[Start of Attachment]
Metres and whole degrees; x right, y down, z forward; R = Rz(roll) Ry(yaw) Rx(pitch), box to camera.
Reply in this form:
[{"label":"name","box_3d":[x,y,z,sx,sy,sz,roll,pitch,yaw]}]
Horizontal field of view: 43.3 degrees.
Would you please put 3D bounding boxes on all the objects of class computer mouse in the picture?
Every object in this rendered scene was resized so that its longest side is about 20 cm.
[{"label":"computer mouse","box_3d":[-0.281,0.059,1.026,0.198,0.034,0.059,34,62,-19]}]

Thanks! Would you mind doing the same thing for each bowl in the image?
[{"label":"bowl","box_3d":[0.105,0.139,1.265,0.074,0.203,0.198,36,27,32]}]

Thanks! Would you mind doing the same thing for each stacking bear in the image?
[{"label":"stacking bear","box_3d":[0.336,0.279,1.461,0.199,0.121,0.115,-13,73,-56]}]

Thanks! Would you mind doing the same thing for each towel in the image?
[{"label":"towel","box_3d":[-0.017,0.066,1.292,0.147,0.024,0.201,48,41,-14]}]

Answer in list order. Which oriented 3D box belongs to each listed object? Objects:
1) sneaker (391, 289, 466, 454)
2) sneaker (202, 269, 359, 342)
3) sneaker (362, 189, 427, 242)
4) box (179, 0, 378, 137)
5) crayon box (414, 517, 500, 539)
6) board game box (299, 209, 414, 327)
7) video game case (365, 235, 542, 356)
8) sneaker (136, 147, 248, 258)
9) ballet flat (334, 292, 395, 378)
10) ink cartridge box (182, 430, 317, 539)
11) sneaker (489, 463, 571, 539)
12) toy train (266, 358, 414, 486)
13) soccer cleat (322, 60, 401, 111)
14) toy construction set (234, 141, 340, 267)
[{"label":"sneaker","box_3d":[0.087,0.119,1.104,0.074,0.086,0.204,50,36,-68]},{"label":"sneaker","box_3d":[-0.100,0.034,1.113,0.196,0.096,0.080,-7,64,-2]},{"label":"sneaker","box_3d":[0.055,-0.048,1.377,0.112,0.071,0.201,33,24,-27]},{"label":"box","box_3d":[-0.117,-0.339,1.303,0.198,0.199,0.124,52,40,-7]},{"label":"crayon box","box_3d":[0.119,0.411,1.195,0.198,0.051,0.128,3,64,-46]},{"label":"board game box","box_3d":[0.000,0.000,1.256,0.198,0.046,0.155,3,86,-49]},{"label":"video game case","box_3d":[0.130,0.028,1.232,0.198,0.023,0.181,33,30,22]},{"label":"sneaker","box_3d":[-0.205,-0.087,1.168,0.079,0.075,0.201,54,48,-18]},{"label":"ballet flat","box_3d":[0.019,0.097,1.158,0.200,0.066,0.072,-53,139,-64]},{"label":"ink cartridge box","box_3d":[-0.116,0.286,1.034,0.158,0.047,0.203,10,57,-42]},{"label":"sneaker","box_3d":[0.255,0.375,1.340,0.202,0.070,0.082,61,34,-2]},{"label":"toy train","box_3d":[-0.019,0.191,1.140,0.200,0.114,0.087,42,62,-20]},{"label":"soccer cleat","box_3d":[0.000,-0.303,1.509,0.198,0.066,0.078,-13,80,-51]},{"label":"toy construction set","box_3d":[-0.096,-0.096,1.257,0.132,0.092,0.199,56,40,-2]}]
[End of Attachment]
» EXERCISE
None of the lines above may be skipped. Transcribe each one exactly.

» ANSWER SECTION
Metres and whole degrees; x right, y down, z forward; R = Rz(roll) Ry(yaw) Rx(pitch), box to camera.
Reply in this form:
[{"label":"name","box_3d":[x,y,z,sx,sy,sz,roll,pitch,yaw]}]
Horizontal field of view: 43.3 degrees.
Would you please put 3D bounding boxes on all the objects of class computer mouse in the picture?
Every object in this rendered scene was resized so that its longest side is about 20 cm.
[{"label":"computer mouse","box_3d":[-0.281,0.059,1.026,0.198,0.034,0.059,34,62,-19]}]

Thanks! Would you mind doing the same thing for each bowl in the image?
[{"label":"bowl","box_3d":[0.105,0.139,1.265,0.074,0.203,0.198,36,27,32]}]

Thanks! Would you mind doing the same thing for each stacking bear in the image?
[{"label":"stacking bear","box_3d":[0.336,0.279,1.461,0.199,0.121,0.115,-13,73,-56]}]

Thanks! Would you mind doing the same thing for each towel in the image?
[{"label":"towel","box_3d":[-0.017,0.066,1.292,0.147,0.024,0.201,48,41,-14]}]

Answer in list order. Which oriented 3D box belongs to each listed object? Objects:
1) sneaker (391, 289, 466, 454)
2) sneaker (202, 269, 359, 342)
3) sneaker (362, 189, 427, 242)
4) box (179, 0, 378, 137)
5) crayon box (414, 517, 500, 539)
6) board game box (299, 209, 414, 327)
7) video game case (365, 235, 542, 356)
8) sneaker (136, 147, 248, 258)
9) ballet flat (334, 292, 395, 378)
10) ink cartridge box (182, 430, 317, 539)
11) sneaker (489, 463, 571, 539)
12) toy train (266, 358, 414, 486)
13) soccer cleat (322, 60, 401, 111)
14) toy construction set (234, 141, 340, 267)
[{"label":"sneaker","box_3d":[0.087,0.119,1.104,0.074,0.086,0.204,50,36,-68]},{"label":"sneaker","box_3d":[-0.100,0.034,1.113,0.196,0.096,0.080,-7,64,-2]},{"label":"sneaker","box_3d":[0.055,-0.048,1.377,0.112,0.071,0.201,33,24,-27]},{"label":"box","box_3d":[-0.117,-0.339,1.303,0.198,0.199,0.124,52,40,-7]},{"label":"crayon box","box_3d":[0.119,0.411,1.195,0.198,0.051,0.128,3,64,-46]},{"label":"board game box","box_3d":[0.000,0.000,1.256,0.198,0.046,0.155,3,86,-49]},{"label":"video game case","box_3d":[0.130,0.028,1.232,0.198,0.023,0.181,33,30,22]},{"label":"sneaker","box_3d":[-0.205,-0.087,1.168,0.079,0.075,0.201,54,48,-18]},{"label":"ballet flat","box_3d":[0.019,0.097,1.158,0.200,0.066,0.072,-53,139,-64]},{"label":"ink cartridge box","box_3d":[-0.116,0.286,1.034,0.158,0.047,0.203,10,57,-42]},{"label":"sneaker","box_3d":[0.255,0.375,1.340,0.202,0.070,0.082,61,34,-2]},{"label":"toy train","box_3d":[-0.019,0.191,1.140,0.200,0.114,0.087,42,62,-20]},{"label":"soccer cleat","box_3d":[0.000,-0.303,1.509,0.198,0.066,0.078,-13,80,-51]},{"label":"toy construction set","box_3d":[-0.096,-0.096,1.257,0.132,0.092,0.199,56,40,-2]}]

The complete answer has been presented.